Select some specific PATNOs modified by this script to verify its feasibility

**IMPORTANT:** as patients currently undertaking medication have a STOPDT of NaN (which invalidates the script), the first two ines of the script are a comment and a setting for the date you downloaded the dataset, so it will fill all NaN with the specified date!

In [None]:
# Input the date you downloaded the dataset (this is important for this script to work)
LEDD['STOPDT'] = LEDD['STOPDT'].fillna(pd.to_datetime('2025-01-01'))  # YYYY-MM-DD

# Mark original rows
LEDD['Row_Type'] = 'Original'

# Convert dates for processing
LEDD['STARTDT'] = pd.to_datetime(LEDD['STARTDT'], format='%m/%Y', errors='coerce')
LEDD['STOPDT'] = pd.to_datetime(LEDD['STOPDT'], format='%m/%Y', errors='coerce')

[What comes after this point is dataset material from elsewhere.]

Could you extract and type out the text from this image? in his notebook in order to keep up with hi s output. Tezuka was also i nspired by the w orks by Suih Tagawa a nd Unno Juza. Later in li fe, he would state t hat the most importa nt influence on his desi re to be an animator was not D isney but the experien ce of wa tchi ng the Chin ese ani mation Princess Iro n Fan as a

# Identify patients (PATNO) with a non-NaN LD_multiplier
patients_with_ldx = LEDD.loc[LEDD['LD_multiplier'].notna(), 'PATNO'].unique()

# Create lists to store new and junk rows
new_rows = []
junk_rows = []
modified_patnos = set()  # Track PATNOs where at least one change occurred

# Process each patient separately
for patno in patients_with_ldx:
    # Extract the periods where the patient has a valid LD_multiplier
    ldx_periods = LEDD[(LEDD['PATNO'] == patno) & (LEDD['LD_multiplier'].notna())][['STARTDT', 'STOPDT', 'LD_multiplier']]

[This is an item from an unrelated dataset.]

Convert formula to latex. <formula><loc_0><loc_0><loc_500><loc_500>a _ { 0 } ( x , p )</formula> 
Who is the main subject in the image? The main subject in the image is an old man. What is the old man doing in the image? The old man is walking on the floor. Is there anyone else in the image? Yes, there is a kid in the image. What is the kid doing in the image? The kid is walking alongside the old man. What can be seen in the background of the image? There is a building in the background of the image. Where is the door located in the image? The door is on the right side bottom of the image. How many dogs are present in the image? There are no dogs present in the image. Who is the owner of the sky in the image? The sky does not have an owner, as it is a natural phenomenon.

    # Extract all Levodopa rows for the patient
    levodopa_rows = LEDD[(LEDD['PATNO'] == patno) & (LEDD['LEDTRT'].str.contains('Levodopa', case=False, na=False))]

    for _, ldx in ldx_periods.iterrows():
        ld_start, ld_stop, ld_multiplier = ldx['STARTDT'], ldx['STOPDT'], ldx['LD_multiplier']

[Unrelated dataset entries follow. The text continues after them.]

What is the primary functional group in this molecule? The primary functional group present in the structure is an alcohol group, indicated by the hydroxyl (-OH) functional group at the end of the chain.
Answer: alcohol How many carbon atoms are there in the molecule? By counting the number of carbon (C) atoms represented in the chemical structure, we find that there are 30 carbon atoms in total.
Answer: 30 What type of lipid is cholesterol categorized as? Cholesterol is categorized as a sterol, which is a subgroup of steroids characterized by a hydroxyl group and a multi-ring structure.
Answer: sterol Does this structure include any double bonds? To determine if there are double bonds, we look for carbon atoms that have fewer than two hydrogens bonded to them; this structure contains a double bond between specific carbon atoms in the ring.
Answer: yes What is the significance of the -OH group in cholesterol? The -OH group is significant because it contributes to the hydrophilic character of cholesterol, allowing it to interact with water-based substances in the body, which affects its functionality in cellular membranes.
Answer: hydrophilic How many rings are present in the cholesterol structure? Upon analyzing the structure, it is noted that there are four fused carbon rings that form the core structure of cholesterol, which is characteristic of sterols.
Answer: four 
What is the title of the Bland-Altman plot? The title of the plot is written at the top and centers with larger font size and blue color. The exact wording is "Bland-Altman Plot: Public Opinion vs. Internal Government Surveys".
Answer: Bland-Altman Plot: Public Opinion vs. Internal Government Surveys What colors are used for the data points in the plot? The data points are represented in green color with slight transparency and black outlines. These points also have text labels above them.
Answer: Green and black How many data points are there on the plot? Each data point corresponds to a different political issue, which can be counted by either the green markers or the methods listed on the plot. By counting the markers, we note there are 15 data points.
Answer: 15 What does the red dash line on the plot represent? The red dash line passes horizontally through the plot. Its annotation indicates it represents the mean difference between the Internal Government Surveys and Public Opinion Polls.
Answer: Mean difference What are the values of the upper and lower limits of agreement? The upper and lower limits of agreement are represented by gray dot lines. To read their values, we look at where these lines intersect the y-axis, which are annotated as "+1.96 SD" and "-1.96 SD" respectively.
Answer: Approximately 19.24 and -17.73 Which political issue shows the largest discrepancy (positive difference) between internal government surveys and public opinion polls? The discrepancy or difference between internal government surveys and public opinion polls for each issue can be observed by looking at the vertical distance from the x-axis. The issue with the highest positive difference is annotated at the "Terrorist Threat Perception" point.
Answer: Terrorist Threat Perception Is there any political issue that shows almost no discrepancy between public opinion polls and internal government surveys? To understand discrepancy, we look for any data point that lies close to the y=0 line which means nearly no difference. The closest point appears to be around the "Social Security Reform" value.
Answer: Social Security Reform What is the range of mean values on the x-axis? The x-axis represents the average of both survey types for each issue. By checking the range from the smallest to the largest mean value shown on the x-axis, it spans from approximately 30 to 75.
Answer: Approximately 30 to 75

        for _, levodopa in levodopa_rows.iterrows():
            levo_start, levo_stop = levodopa['STARTDT'], levodopa['STOPDT']

            # Identify non-exact but overlapping matches
            if (levo_start < ld_stop) and (levo_stop > ld_start) and not ((levo_start == ld_start) and (levo_stop == ld_stop)):

                # Move the original row to the junk dataset before replacing it
                junk_rows.append(levodopa.copy())

                # Mark PATNO as modified
                modified_patnos.add(patno)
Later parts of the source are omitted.